С тем и привели в камеру. Непривычно как-то в вольной одежде. Шесть лет не надевал, отвык, неловко. Заводят в камеру уже к ужину. Всегда вот так с этими этапами - чего-чего, а покормить забудут, потом не допросишься, проехало. Камера номер сорок. Сидел я в ней раньше. Корпусные все знакомые, надзиратели тоже - действительно как домой вернулся. Смеются: "Опять тебя прикатили!"

В камере двое. Оба следственные. Тоже странно. Не должны бы меня держать со следственными. Значит, и я тоже под следствием. Курят сигареты, угощают. Сигарет я уже давно не курил - не накуриваюсь я ими, привык к махорке. Познакомились, поболтали. Я в основном помалкиваю - кто их знает, что за люди. К хорошим людям меня не посадят. У одного на пальце золотое кольцо - странно. Заметил он мой взгляд, объяснил, что, дескать, снять не могли, не слезает кольцо. И еще того странней - что я, чекистов не знаю? С пальцем оторвут! Ну, ладно.

Спрашиваю, действительно ли дезинфекцию вещей теперь делают, все-таки не был я здесь три с лишним года, могли измениться порядки. - Вам, - спрашиваю, - делали? - Делали, - говорят. - А что взамен, давали?

- Да тоже вот костюмчик, только не такой, как у тебя, попроще. Ишь какой тебе шикарный выдали. Ну-ка, расстегни пиджак-то. Смотри, да он французский! - И точно, на подкладке изображена Эйфелева башня. Стали мои соседи поглядывать на меня с любопытством - что ты за шишка такая, почему тебе такой костюм дали? Кое-как скоротали вечер. Для меня они вольные люди, всего два месяца с воли, есть о чем спросить. Отбой. Легли спать. Ребята мои поворочались-поворочались и заснули, а мне не спалось.

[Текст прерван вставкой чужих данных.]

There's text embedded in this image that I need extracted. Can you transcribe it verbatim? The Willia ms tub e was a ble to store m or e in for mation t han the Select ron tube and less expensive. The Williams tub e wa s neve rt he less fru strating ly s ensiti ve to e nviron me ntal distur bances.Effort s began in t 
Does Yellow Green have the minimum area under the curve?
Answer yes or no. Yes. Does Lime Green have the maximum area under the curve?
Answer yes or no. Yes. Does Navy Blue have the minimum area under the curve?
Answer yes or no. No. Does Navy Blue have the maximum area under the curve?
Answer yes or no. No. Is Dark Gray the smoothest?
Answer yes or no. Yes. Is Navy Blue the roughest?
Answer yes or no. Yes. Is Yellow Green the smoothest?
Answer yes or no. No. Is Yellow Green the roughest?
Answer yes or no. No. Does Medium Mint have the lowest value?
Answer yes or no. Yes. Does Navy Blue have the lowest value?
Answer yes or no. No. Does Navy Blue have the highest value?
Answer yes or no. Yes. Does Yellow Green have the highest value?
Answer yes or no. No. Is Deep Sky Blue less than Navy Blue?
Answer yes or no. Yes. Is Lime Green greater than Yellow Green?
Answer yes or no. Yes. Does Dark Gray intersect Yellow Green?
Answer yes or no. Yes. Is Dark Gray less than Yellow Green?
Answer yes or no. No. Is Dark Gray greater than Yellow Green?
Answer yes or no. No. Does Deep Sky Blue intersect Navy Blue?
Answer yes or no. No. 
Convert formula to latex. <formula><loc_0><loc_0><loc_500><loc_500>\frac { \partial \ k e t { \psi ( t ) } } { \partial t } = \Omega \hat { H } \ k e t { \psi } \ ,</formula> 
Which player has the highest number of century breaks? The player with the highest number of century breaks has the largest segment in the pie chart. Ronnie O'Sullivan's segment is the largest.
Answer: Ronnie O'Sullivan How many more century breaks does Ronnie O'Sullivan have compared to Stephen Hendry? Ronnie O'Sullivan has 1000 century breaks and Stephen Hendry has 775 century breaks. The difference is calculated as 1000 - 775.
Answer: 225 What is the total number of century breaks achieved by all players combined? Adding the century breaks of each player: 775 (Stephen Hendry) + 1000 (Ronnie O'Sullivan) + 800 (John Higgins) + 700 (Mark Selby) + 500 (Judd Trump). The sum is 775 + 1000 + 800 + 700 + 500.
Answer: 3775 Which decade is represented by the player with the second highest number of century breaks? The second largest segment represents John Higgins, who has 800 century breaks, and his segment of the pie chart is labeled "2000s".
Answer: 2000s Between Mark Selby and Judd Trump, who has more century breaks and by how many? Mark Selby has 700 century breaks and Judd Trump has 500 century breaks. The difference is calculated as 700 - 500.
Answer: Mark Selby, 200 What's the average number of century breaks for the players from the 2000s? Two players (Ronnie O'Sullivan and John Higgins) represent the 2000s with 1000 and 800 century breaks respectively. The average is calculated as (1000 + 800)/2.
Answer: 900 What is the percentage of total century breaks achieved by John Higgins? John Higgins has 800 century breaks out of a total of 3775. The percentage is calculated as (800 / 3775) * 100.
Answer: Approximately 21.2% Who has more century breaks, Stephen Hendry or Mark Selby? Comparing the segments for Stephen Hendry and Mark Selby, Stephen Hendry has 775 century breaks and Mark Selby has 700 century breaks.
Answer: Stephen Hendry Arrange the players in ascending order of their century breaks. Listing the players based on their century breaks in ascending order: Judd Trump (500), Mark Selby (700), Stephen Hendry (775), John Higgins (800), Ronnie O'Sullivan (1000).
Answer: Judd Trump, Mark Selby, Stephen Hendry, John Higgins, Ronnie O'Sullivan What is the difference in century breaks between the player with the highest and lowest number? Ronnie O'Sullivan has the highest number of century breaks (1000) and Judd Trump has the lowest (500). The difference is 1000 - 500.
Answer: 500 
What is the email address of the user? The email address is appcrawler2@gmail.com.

Происходило со мной что-то странное. Весь мой тюремный опыт говорил мне: такого не бывает, не может быть, готовят тебе ловушку какую-то, западню. Может, выведут гулять в Москву, а сами сфотографируют - вот, дескать, видите: он и не сидит вовсе, гуляет в новом костюме по улице Горького. Может, даже западным корреспондентам собираются показать издали видите, живой! Может, добился кто-нибудь из-за границы свидания со мной? Каких только предположений я не строил! Да и Лефортовская тюрьма была для меня полна воспоминаний. Сидел я здесь четыре раза - в 63-м, 67-м, 71-м и 73-м, больше двух с половиной лет в общей сложности. В разные времена, при разных режимах и даже разных правителях. Удивительное свойство имеет следственная тюрьма - из свежего, только что попавшего с воли человека она выдавливает воспоминания. То кажется тебе, что ты только что прошел по Арбату или по Тверскому бульвару, то будто повидался с кем из друзей.

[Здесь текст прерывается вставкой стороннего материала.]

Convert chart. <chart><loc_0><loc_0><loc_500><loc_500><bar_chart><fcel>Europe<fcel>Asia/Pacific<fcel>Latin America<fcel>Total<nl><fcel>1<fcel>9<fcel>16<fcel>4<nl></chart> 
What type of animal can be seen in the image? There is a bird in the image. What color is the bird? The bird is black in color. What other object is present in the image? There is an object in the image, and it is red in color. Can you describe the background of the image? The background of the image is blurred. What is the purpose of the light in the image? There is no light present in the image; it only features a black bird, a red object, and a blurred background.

Постепенно воспоминания углубляются, и начинаешь перебирать картины детства. И словно в чистилище, где мучаются грешники своими грехами, всплывает к тебе из памяти все то, что неприятно, что хотел ты забыть и годами не вспоминал, так неотвязно, так назойливо, что аж зубами скрипишь. Точно весь осадок со дна поднимается и всплывает на поверхность сознания мучительная это вещь и не скоро проходящая. И совестно тебе, и стыдно, и хочешь отвязаться, отогнать эти призраки - все бесполезно. Так вот, сколько ни попадал я в Лефортово, неизбежно вспоминалось детство, а с ним - наш двор, где я рос, и ведьма.



Обычно не помню я детства, хоть убей! Смутно, словно старый кинофильм, словно не моя это жизнь совсем. Какие-то картинки, обрывки. Знаю я о своем детстве больше по рассказам своих родных.

Родился я в эвакуации, на Урале, в Башкирской АССР, куда всю нашу семью вывезли из Москвы при наступлении немцев. Городок, где я родился, доставил мне в жизни много хлопот, хоть никогда я там больше не был. Во-первых, вечно путали его написание и вечно мне приходилось его диктовать по буквам всем чиновникам: Бе-ле-бей. Да не Пе-лепей, и не Белидей, а Белебей - черт их дери совсем, географии не знают. И все равно путали. В последнем паспорте мне таки написали Белебель, хоть старался я изо всех сил.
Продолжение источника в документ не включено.